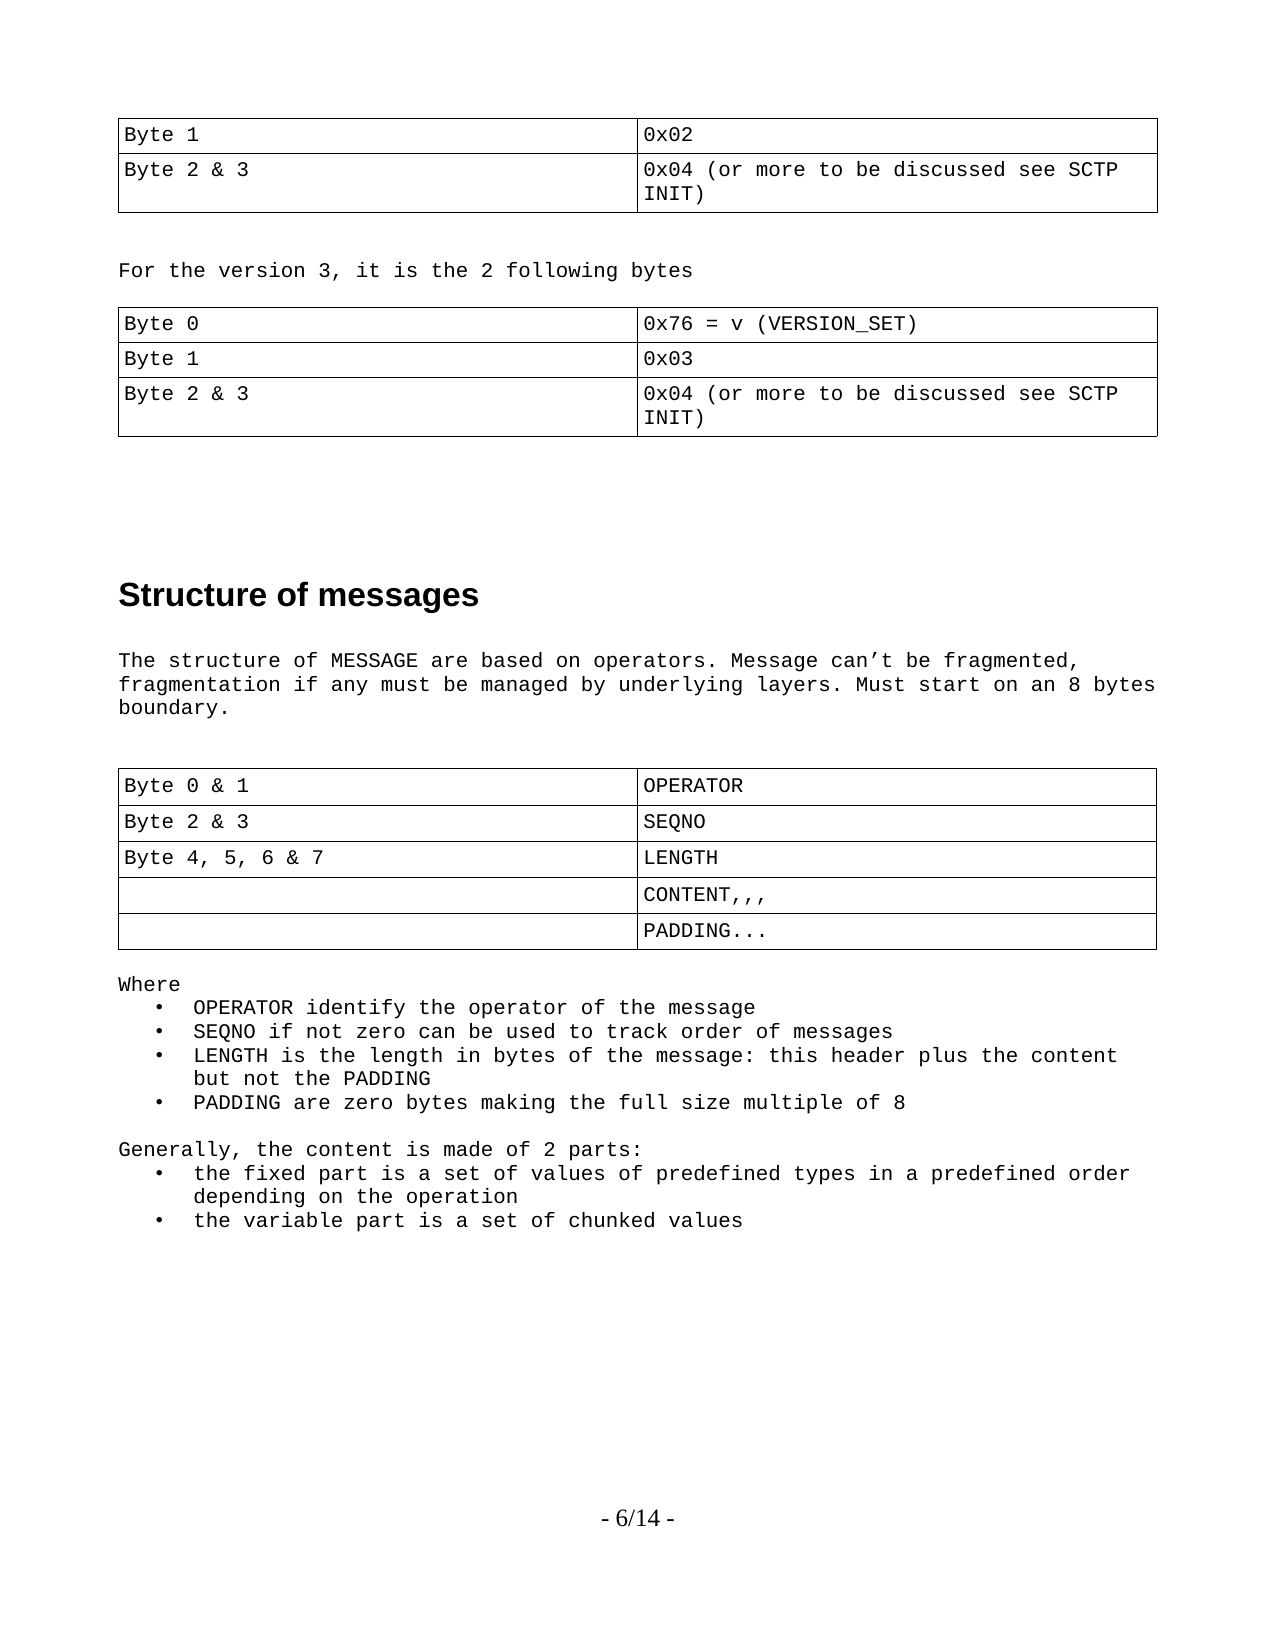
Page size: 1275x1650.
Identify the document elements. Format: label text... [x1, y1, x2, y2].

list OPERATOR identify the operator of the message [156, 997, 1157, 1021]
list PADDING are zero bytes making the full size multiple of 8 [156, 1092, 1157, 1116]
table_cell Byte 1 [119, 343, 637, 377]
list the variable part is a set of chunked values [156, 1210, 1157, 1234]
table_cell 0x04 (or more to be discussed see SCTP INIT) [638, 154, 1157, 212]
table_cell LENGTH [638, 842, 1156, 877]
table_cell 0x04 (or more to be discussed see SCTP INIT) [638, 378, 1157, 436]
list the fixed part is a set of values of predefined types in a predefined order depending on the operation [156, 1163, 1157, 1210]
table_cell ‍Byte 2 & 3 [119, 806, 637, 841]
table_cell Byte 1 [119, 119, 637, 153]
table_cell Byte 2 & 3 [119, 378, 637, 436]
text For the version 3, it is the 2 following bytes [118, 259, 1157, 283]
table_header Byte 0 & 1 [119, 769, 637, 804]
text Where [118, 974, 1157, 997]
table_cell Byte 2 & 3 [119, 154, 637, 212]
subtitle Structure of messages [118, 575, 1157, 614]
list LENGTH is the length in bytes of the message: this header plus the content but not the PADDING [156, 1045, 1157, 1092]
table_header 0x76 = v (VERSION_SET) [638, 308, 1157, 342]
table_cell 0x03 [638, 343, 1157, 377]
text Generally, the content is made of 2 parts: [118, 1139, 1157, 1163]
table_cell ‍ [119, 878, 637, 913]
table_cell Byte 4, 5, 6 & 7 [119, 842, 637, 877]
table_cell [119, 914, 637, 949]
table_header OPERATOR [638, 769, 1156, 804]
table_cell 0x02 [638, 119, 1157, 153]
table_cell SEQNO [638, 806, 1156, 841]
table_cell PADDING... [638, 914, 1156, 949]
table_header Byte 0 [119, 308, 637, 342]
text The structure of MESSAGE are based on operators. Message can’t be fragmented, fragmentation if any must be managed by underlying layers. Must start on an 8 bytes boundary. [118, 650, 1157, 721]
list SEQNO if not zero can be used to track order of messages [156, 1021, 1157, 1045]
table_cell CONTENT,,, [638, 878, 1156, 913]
----------------------------------------
▸ **WHAT YOU HAVE TO DO**: Once the line with "table_cell Byte 4, 5, 6" has been found in the records above, retype it and every line after it exactly, and include nothing else.

▸ **REPLY**:
table_cell Byte 4, 5, 6 & 7 [119, 842, 637, 877]
table_cell [119, 914, 637, 949]
table_header OPERATOR [638, 769, 1156, 804]
table_cell 0x02 [638, 119, 1157, 153]
table_cell SEQNO [638, 806, 1156, 841]
table_cell PADDING... [638, 914, 1156, 949]
table_header Byte 0 [119, 308, 637, 342]
text The structure of MESSAGE are based on operators. Message can’t be fragmented, fragmentation if any must be managed by underlying layers. Must start on an 8 bytes boundary. [118, 650, 1157, 721]
list SEQNO if not zero can be used to track order of messages [156, 1021, 1157, 1045]
table_cell CONTENT,,, [638, 878, 1156, 913]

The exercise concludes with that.